A Pulse Asia survey published on Wednesday showed Mr Duterte falling into second place behind Senate president Vincente Sotto as the most popular potential candidate for vice-president. The same survey showed Ms Duterte as the most popular of possible candidates for the top job but her support dropped from 28 to 24 per cent.

The Philippine constitution bars presidents from seeking a second term, but analysts said that staying on as the number two to his daughter or another ally might help shield Mr Duterte from future legal consequences at a time when the International Criminal Court is investigating killings in his anti-narcotics campaign.

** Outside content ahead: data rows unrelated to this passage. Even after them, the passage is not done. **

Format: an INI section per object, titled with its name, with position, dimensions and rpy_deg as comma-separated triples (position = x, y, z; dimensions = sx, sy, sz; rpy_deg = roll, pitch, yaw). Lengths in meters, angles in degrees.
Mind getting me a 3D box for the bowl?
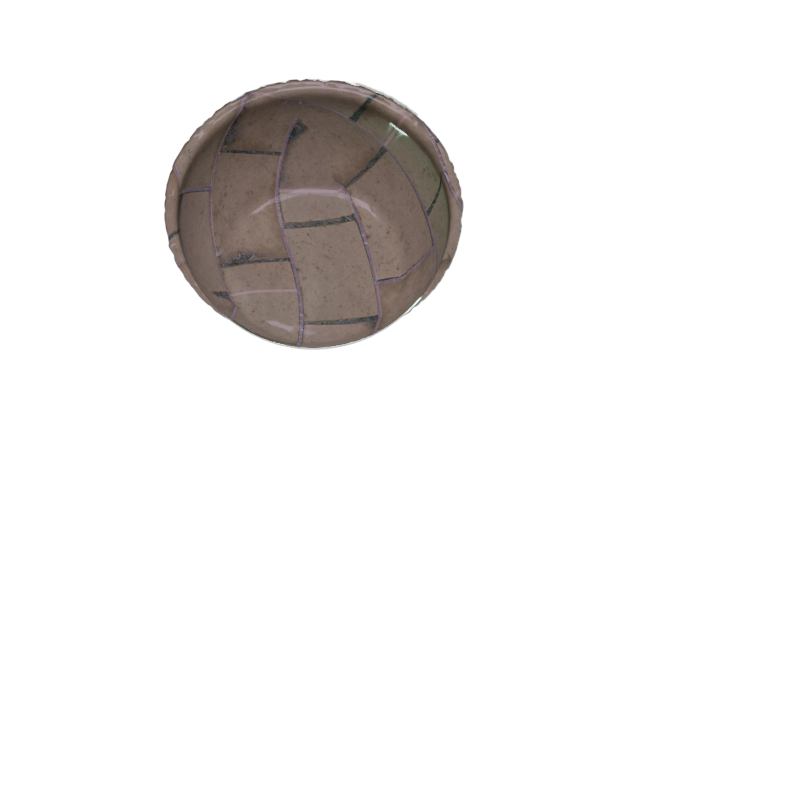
[bowl]
position = -0.045, -0.083, 0.579
dimensions = 0.162, 0.152, 0.059
rpy_deg = 1, 32, -1
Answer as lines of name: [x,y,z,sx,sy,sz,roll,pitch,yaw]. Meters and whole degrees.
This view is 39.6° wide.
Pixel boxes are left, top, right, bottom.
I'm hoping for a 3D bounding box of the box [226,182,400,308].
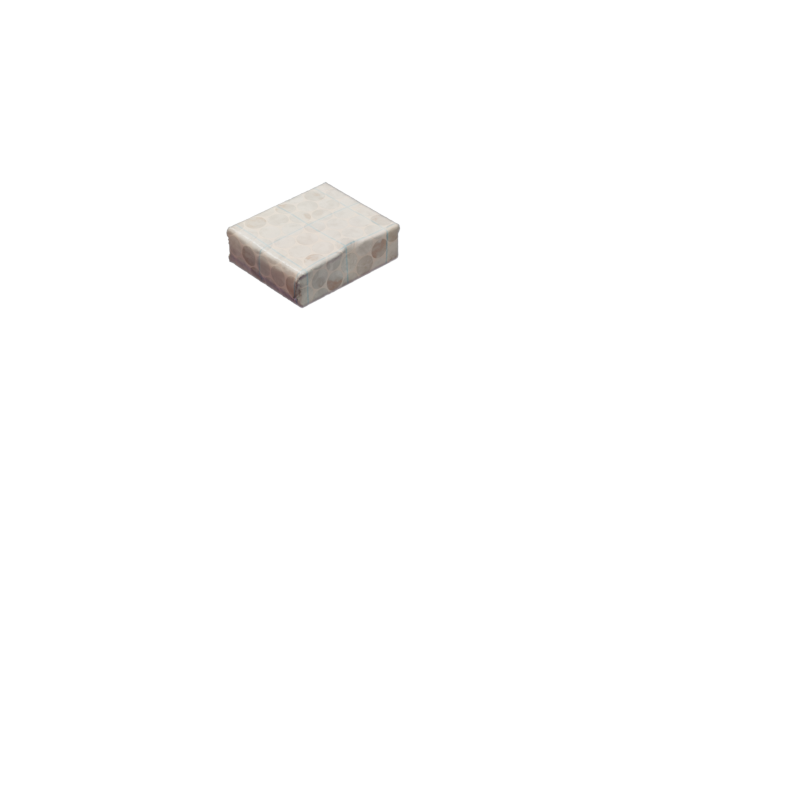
box: [-0.057,-0.103,0.721,0.089,0.028,0.078,-30,48,-33]
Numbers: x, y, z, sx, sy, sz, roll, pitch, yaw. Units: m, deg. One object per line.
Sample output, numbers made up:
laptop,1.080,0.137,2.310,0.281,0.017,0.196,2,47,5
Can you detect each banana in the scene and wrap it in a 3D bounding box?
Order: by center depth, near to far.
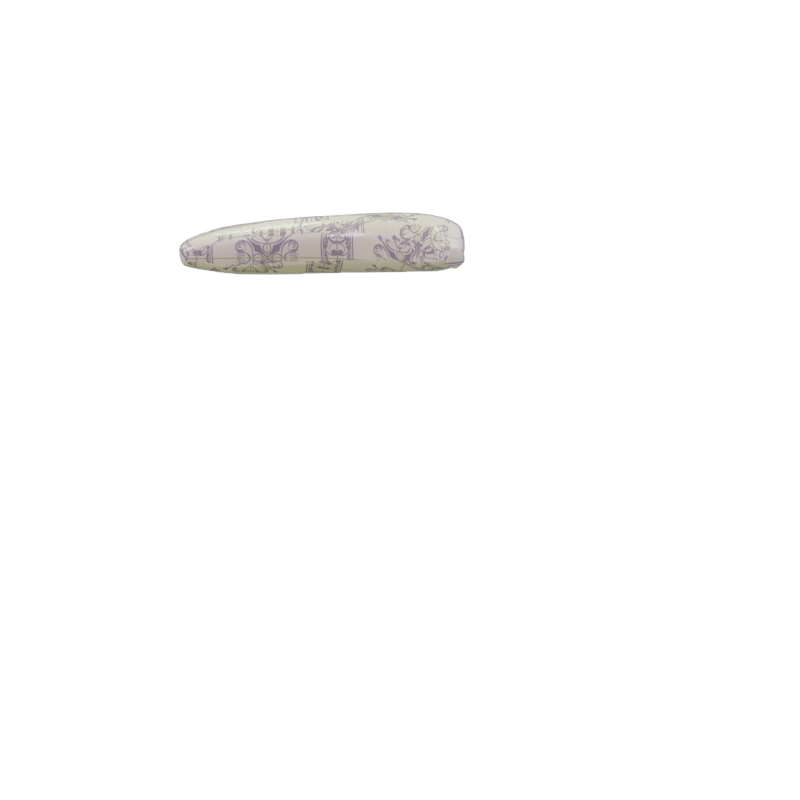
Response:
banana,-0.040,-0.096,0.676,0.205,0.037,0.067,3,4,31
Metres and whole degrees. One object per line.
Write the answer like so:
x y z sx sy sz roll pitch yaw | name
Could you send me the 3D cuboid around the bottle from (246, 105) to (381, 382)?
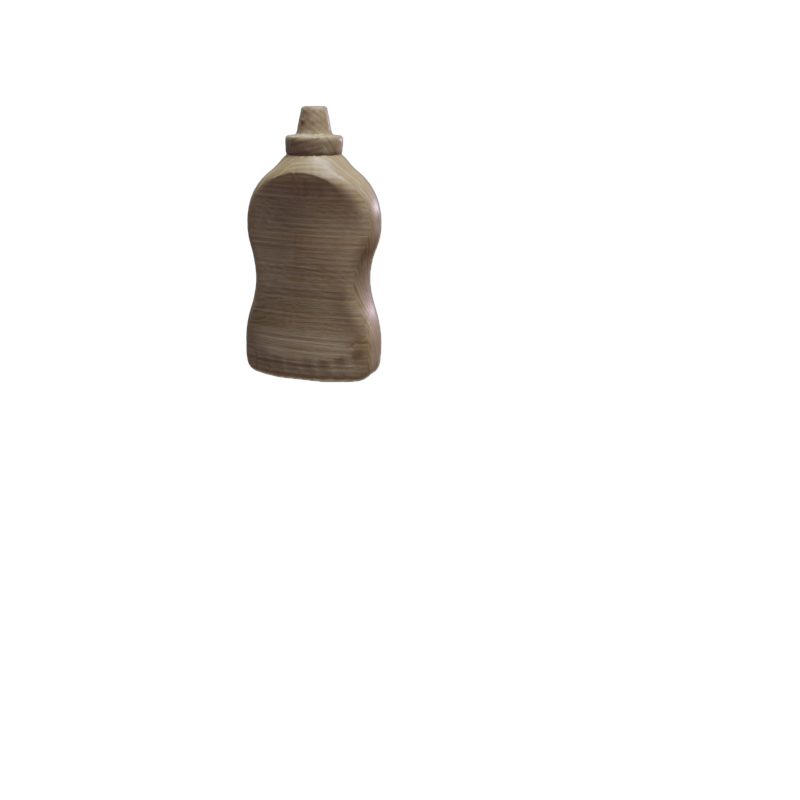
-0.062 -0.113 0.790 0.099 0.188 0.058 5 10 22 | bottle
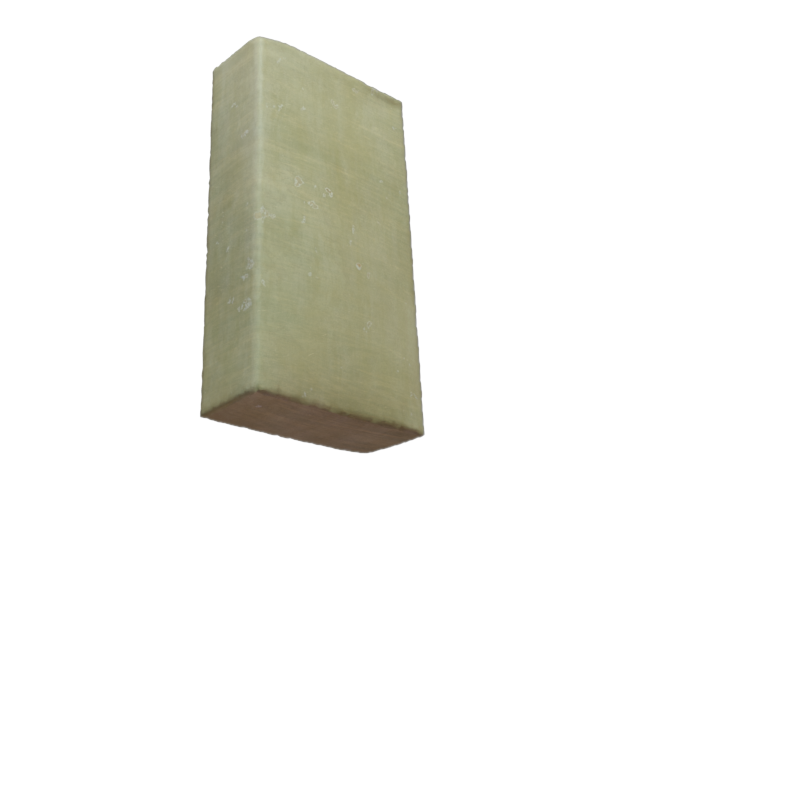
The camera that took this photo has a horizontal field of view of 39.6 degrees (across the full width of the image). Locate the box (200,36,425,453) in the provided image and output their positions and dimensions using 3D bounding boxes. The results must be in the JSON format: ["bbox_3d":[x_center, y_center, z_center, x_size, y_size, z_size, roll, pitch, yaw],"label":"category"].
[{"bbox_3d":[-0.039,-0.071,0.499,0.088,0.186,0.048,18,-31,-37],"label":"box"}]

“I think he’s reading the writing on the wall, and the writing on the wall is saying he’s a liability if he runs himself,” said Richard Heydarian, a political analyst. “He thought he was a shoo-in for the vice presidency — but there is a clear frontrunner, and it’s Senate president Tito Sotto, who has a huge lead over him.”

Manny Pacquiao, the boxer, and Manila Mayor Francisco “Isko” Moreno are among those who have filed their candidacies for the presidency. Filipinos have also speculated that Ferdinand “Bongbong” Marcos Jr, the son of the late dictator and a political ally of the Dutertes, might enter the race. Marcos been endorsed by the KBL political party of his late father.

The deadline for filing candidacies is October 8, but parties can until mid-November replace a candidate who dies, withdraws, or is disqualified by the country’s election commission.